题解 | 链表相加(二)

# class ListNode:
#     def __init__(self, x):
#         self.val = x
#         self.next = None
#
# 代码中的类名、方法名、参数名已经指定，请勿修改，直接返回方法规定的值即可
#
# 
# @param head1 ListNode类 
# @param head2 ListNode类 
# @return ListNode类
#
class Solution:
    def addInList1(self , head1: ListNode, head2: ListNode) -> ListNode:
        # write code here
        arr1=[]
        cur1=head1
        arr2=[]
        cur2=head2
        while cur1:
            arr1.append(cur1.val)
            cur1=cur1.next
        while cur2:
          arr2.append(cur2.val)
          cur2=cur2.next
        arr1=arr1[::-1]
        arr2=arr2[::-1]
        #print(arr1,arr2)
        p =0 
        len1=len(arr1)
        len2=len(arr2)
        i =0 
        j=0 
        res=[]
        while i<len1 or j<len2:
            #print(res)
            if i<len1 and j<len2:
                temp=arr1[i] +arr2[j]+p 
                res.append(temp%10)
                p= temp//10
                i+=1
                j+=1
            elif i>=len1 and j<len2:
                temp=arr2[j]+p
                res.append(temp%10)
                p=temp//10
                j+=1
            elif i<len1 and j>=len2:
                temp=arr1[i]+p
                res.append(temp%10)
                p=temp//10
                i+=1
        if p>0:
            res.append(p)
        # 反转
        res=res[::-1]
        newhead=ListNode(0)
        cur =newhead
        for i in range(len(res)):
            cur.next=ListNode(res[i])
            cur=cur.next
        return newhead.next
              
    """
    解题思路：
    [9,3,7],[6,3] 
     0.定义链表反转
     1. 将两个链表反转 [7,3,9]  [3,6], 定义结果链表 res=ListNode(-1) 

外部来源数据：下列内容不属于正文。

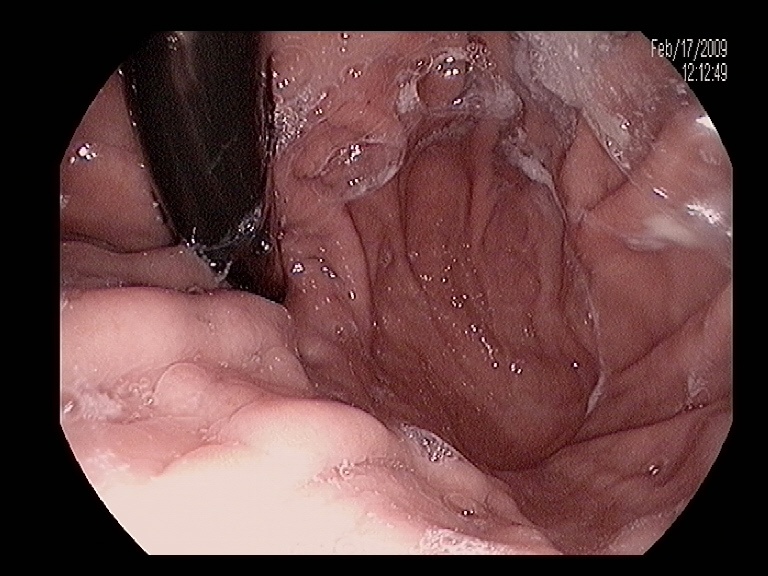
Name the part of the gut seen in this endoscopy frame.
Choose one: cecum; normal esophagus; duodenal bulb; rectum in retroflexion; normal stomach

normal stomach
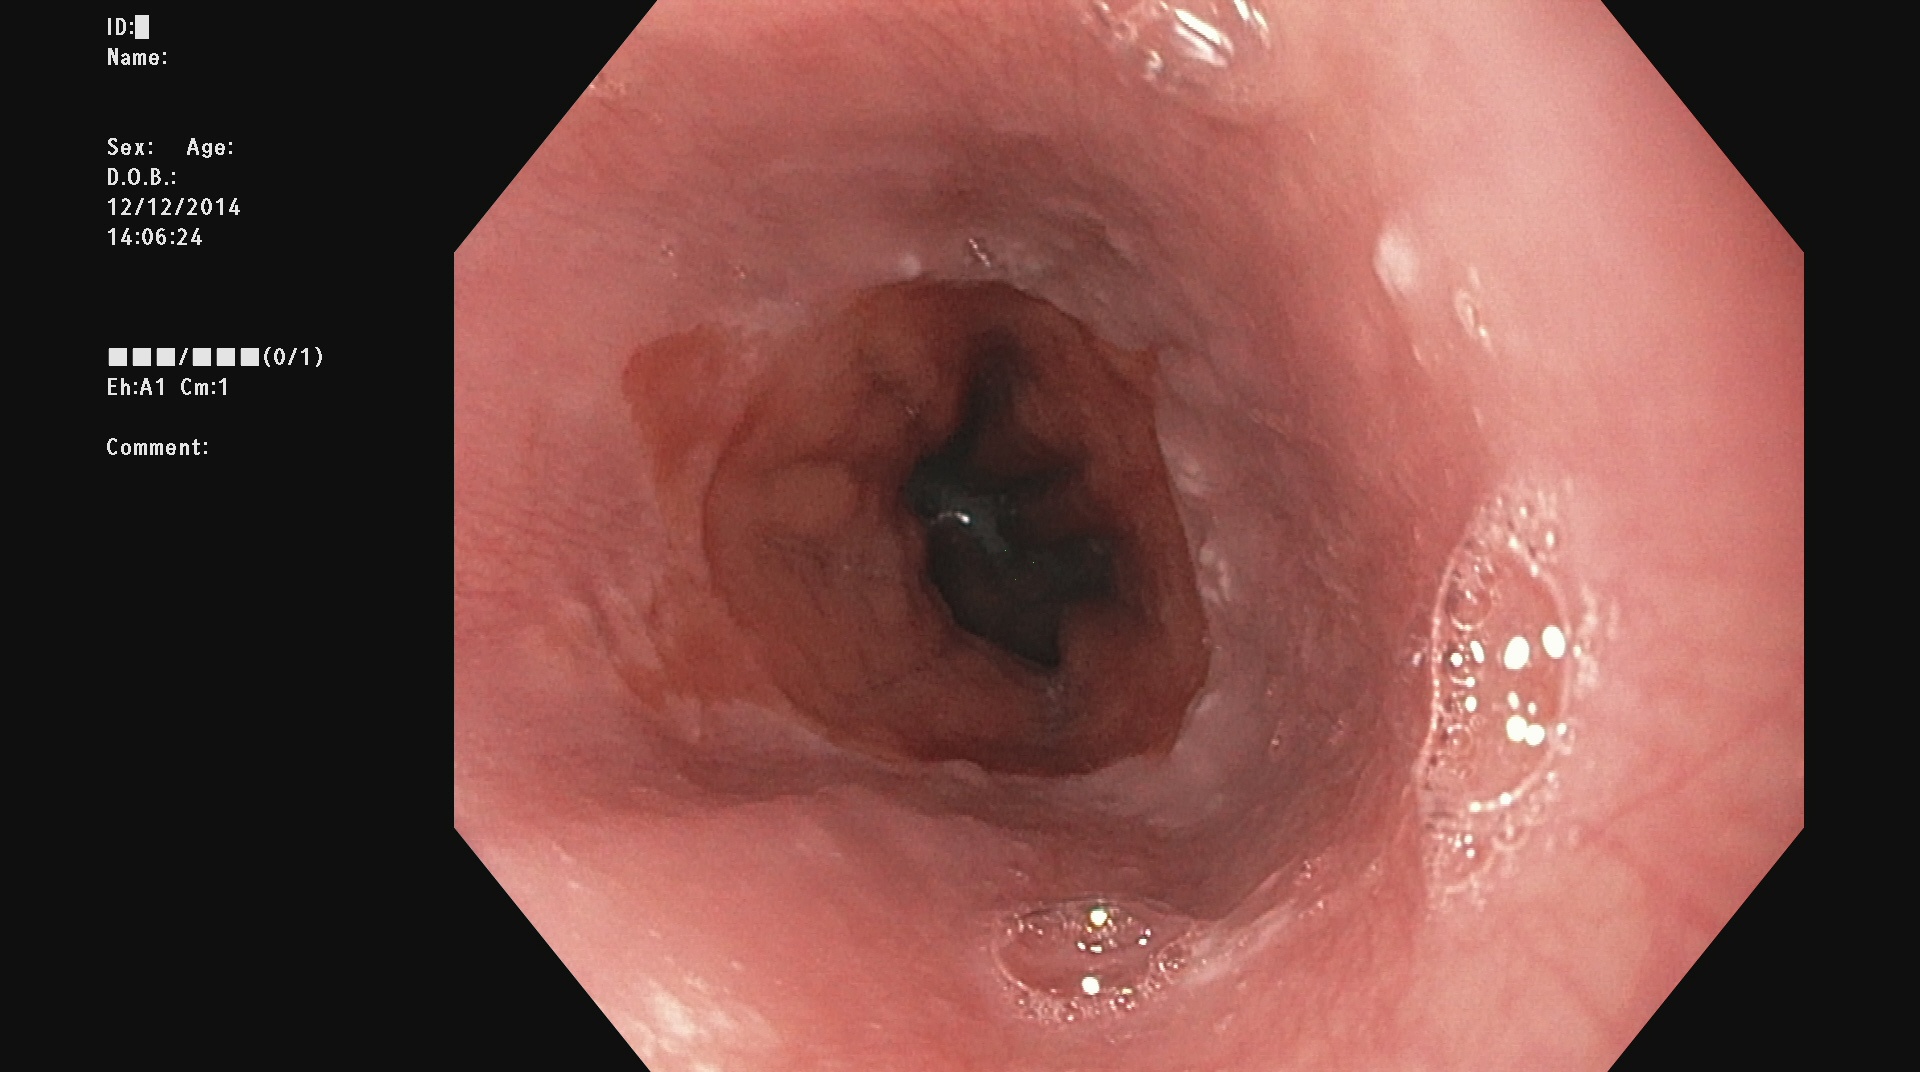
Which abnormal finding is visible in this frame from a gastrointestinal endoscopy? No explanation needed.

Barrett's esophagus
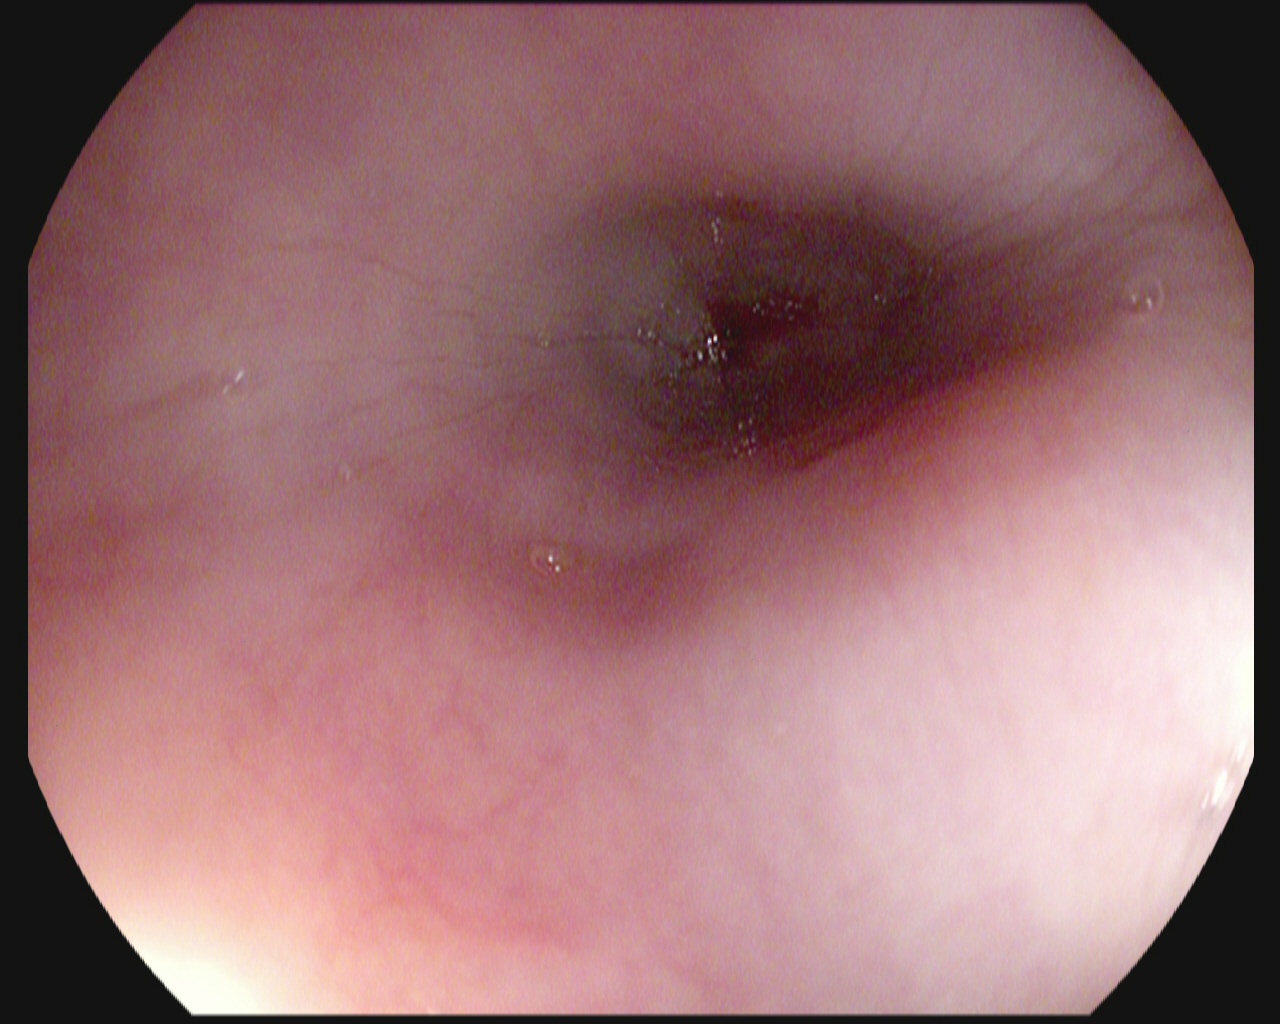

     2. p1 指向第一个链表 ，p2 指向第二个链表 p 表示进位
     3 .外侧循环条件 p1 或者p2 不为空 
        情况1； p1 and p2 都不为空 p1.val +p2.val +p 
        情况2： p1不为空 ，p2 为空 p1.val+p 
        情况3： p1为空，p2不为空 p2.val+p 
	 4. 如果循环结束之后p 还有进位作为节点值加入res
     5.  res.next 传入reverselist(res.next) 反转 返回newres
	 6. 返回newres 头结点
     时间复杂度： O(max(m,n))  
	 空间复杂度 O(1)  定义头结点变量
    """
    def addInList(self , head1: ListNode, head2: ListNode) -> ListNode:
        # write code here
        def reverselist(head:ListNode)->ListNode:
            if not head or not head.next:
                return head 
            cur =head
            pre=None
            while cur:
                next=cur.next
                cur.next=pre  
                pre =cur 
                cur=next
            return pre 
        # 判断
        if not head1 and not head2:
            return head1 
        if head1 and  not head2:
            return head1
        if not head1 and    head2:
            return head2
        
        res=ListNode(-1)
        cur =res 
        newhead1=reverselist(head1)
        #print(newhead1.val)
        newhead2=reverselist(head2)
        #print(newhead2.val)
        cur1=newhead1
        cur2=newhead2
        p=0 # 进位
        while cur1 or cur2:
            if cur1 and cur2:
                #print(cur1.val,cur2.val)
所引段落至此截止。